Records from a collection:
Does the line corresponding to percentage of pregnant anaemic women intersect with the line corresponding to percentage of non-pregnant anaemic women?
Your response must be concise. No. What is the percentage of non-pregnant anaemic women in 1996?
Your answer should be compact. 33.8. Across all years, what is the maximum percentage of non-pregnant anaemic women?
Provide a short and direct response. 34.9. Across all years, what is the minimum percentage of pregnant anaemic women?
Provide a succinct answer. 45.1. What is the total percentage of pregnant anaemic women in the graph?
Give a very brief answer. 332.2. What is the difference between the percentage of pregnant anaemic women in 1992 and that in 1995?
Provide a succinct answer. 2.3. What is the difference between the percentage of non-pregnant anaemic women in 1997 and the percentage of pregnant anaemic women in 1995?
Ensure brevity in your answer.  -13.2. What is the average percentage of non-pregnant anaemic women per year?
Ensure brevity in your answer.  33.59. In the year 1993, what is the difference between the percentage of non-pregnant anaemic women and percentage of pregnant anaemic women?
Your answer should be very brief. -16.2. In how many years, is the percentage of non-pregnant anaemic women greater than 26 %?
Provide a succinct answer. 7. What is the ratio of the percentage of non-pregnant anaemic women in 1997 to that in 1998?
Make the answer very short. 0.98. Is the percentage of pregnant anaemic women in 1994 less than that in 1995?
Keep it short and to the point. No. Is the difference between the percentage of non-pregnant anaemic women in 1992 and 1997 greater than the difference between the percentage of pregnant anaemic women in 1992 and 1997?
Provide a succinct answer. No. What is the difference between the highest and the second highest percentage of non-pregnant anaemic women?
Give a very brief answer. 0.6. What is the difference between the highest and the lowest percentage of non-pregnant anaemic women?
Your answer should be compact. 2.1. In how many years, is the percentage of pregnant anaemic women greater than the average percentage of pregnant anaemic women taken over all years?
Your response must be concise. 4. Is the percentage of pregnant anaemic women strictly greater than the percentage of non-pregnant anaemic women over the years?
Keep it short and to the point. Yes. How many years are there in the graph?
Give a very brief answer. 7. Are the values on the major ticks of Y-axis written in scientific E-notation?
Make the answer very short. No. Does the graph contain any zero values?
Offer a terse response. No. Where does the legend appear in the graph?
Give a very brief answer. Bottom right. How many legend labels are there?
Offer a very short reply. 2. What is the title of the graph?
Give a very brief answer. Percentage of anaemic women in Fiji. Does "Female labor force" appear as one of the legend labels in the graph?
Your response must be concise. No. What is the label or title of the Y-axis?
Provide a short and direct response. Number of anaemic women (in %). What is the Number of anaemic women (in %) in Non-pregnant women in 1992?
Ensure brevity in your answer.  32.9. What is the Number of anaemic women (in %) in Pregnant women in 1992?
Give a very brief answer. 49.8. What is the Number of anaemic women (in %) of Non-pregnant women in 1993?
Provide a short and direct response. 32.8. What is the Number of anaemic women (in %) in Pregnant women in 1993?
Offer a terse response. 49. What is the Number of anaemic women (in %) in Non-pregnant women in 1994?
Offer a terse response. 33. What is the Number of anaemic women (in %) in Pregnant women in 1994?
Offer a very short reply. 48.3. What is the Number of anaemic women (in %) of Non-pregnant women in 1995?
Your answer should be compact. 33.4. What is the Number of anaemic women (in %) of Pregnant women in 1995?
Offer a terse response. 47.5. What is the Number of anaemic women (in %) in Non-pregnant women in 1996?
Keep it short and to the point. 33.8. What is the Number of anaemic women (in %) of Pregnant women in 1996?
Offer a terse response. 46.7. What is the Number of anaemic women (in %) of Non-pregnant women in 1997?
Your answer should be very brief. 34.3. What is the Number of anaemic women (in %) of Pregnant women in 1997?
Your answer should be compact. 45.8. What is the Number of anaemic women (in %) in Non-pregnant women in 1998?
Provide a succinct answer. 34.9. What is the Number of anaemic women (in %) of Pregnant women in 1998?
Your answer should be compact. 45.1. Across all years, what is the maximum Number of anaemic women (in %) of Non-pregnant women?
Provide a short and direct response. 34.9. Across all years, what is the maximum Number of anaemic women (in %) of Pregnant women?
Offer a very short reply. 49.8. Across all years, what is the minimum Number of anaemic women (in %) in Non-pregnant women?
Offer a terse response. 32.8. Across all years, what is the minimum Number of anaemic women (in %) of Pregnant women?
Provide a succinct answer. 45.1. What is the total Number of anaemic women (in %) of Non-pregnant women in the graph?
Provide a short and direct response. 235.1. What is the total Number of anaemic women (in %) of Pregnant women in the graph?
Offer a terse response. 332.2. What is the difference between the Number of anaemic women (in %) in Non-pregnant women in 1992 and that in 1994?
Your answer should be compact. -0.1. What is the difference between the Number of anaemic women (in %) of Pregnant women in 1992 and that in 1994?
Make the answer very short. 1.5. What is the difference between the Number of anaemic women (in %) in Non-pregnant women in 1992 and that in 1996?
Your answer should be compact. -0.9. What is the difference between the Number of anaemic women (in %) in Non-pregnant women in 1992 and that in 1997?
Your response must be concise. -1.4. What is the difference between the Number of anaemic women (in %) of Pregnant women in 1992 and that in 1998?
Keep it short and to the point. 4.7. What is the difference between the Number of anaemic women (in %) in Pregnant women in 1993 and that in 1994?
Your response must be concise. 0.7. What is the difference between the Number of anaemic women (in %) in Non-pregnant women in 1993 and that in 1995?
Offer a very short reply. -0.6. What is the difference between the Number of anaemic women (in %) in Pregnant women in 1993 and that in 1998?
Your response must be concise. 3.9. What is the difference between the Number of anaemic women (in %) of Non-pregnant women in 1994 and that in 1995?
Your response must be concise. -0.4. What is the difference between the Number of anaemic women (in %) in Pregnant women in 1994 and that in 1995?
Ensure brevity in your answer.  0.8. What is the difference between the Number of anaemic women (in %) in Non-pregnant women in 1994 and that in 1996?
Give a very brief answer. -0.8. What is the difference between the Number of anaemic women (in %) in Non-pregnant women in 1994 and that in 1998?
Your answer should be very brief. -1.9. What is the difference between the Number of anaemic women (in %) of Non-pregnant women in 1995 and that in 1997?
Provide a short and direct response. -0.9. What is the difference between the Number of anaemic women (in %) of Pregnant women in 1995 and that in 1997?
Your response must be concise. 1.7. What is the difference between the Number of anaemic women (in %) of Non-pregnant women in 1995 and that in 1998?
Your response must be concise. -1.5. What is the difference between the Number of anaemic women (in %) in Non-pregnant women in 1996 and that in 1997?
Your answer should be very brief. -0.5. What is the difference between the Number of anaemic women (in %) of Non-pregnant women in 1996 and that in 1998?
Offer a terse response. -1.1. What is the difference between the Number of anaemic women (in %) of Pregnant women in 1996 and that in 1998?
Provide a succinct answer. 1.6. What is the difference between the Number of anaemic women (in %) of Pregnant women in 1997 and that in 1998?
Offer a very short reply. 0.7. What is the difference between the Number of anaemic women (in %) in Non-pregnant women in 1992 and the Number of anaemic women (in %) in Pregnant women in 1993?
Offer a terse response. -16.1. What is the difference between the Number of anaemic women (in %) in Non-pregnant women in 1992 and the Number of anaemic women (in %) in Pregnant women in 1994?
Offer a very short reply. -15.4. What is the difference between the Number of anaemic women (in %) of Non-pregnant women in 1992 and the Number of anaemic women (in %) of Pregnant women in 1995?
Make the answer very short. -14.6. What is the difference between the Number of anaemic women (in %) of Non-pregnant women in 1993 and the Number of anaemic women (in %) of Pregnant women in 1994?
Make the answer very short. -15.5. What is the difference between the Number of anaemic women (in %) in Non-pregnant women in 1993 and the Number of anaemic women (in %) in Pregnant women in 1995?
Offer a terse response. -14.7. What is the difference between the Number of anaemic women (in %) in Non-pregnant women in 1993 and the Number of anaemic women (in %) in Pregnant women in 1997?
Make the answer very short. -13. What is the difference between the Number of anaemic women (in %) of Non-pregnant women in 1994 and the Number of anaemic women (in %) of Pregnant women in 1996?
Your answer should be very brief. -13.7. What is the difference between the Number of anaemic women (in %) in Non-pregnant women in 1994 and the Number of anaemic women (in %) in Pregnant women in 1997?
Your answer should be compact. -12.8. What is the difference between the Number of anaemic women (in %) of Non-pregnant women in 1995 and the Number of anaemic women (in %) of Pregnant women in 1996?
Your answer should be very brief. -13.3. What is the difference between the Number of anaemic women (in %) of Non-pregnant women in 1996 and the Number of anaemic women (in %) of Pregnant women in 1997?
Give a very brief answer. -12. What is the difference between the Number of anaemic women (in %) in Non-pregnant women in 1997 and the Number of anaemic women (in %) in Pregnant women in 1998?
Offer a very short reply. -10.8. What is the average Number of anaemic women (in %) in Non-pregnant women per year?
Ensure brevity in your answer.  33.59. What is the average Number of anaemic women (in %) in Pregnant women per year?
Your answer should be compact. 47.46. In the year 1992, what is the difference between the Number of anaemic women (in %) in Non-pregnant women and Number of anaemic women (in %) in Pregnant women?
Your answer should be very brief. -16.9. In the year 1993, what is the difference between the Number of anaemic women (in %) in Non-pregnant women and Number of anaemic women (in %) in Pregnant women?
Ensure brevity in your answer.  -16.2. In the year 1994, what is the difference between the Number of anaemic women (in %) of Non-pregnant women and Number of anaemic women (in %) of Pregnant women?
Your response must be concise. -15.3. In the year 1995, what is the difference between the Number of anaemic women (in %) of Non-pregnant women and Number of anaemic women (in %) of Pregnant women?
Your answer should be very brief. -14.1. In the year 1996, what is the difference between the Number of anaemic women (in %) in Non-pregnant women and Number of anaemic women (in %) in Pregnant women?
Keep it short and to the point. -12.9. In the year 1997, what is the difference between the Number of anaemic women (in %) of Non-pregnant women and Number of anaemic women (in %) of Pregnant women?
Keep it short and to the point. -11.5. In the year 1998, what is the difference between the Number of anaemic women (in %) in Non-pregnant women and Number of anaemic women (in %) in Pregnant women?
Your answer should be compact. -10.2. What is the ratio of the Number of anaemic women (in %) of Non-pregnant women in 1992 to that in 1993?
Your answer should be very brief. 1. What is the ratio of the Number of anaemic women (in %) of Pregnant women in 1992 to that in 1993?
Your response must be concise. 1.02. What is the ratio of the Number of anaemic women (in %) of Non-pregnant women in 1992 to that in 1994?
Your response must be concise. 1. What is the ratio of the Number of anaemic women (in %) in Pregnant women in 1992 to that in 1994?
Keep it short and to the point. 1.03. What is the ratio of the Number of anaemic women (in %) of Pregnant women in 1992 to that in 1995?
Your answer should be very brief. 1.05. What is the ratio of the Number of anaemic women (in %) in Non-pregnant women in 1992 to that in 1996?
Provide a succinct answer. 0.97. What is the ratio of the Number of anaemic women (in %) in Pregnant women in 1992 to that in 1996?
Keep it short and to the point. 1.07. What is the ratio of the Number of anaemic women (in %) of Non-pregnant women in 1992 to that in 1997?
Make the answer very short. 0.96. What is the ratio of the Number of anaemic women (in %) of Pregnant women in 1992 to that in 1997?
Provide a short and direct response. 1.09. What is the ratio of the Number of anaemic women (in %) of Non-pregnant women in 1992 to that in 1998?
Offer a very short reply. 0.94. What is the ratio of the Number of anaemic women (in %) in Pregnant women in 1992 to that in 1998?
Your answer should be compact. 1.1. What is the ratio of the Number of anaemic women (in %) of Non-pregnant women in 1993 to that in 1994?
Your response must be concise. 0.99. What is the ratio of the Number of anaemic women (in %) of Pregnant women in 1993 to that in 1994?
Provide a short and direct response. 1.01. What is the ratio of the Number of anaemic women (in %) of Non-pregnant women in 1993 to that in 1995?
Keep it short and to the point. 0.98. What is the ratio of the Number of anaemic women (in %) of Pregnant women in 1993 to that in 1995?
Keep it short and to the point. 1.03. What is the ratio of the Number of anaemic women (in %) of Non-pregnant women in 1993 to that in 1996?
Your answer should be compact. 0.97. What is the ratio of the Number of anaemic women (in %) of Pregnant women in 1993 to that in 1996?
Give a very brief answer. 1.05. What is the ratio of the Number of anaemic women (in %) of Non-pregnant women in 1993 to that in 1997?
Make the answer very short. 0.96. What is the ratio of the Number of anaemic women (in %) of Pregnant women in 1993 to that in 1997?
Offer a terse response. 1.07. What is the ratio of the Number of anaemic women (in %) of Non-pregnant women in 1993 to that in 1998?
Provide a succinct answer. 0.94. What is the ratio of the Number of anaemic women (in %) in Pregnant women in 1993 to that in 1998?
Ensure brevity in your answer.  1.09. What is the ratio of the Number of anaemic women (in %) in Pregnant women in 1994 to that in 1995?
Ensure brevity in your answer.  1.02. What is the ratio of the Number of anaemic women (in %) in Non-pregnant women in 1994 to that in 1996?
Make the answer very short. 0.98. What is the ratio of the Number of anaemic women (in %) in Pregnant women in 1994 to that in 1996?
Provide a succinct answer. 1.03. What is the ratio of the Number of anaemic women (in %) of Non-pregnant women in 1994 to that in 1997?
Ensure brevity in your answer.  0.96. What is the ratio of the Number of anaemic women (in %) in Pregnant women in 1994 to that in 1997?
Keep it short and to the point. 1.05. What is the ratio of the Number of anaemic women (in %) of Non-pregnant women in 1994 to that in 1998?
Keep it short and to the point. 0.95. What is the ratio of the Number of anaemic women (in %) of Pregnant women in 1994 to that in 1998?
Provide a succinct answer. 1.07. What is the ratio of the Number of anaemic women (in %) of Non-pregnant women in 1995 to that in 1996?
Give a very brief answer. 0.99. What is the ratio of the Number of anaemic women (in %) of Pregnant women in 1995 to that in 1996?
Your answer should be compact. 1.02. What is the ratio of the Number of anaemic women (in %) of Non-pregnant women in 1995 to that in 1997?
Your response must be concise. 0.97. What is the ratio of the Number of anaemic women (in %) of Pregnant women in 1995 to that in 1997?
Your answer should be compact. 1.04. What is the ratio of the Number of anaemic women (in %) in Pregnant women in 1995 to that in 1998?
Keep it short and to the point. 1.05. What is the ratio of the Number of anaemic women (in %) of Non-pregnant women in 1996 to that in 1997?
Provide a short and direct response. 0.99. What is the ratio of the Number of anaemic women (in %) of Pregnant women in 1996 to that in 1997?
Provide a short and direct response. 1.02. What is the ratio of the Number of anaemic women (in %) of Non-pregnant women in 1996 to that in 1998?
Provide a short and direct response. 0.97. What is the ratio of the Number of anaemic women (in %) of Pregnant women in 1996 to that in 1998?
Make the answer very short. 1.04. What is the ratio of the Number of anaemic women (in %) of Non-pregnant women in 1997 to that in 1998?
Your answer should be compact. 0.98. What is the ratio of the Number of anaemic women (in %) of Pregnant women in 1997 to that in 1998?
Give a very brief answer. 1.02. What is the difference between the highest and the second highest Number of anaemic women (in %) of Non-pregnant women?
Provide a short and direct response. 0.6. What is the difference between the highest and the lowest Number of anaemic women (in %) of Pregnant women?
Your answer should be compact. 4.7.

[Your assignment]
Whenever a line of the data includes the word "maximum", show that line in full.

[The answer]
Your answer should be compact. 33.8. Across all years, what is the maximum percentage of non-pregnant anaemic women?
Your answer should be compact. 45.1. Across all years, what is the maximum Number of anaemic women (in %) of Non-pregnant women?
Provide a short and direct response. 34.9. Across all years, what is the maximum Number of anaemic women (in %) of Pregnant women?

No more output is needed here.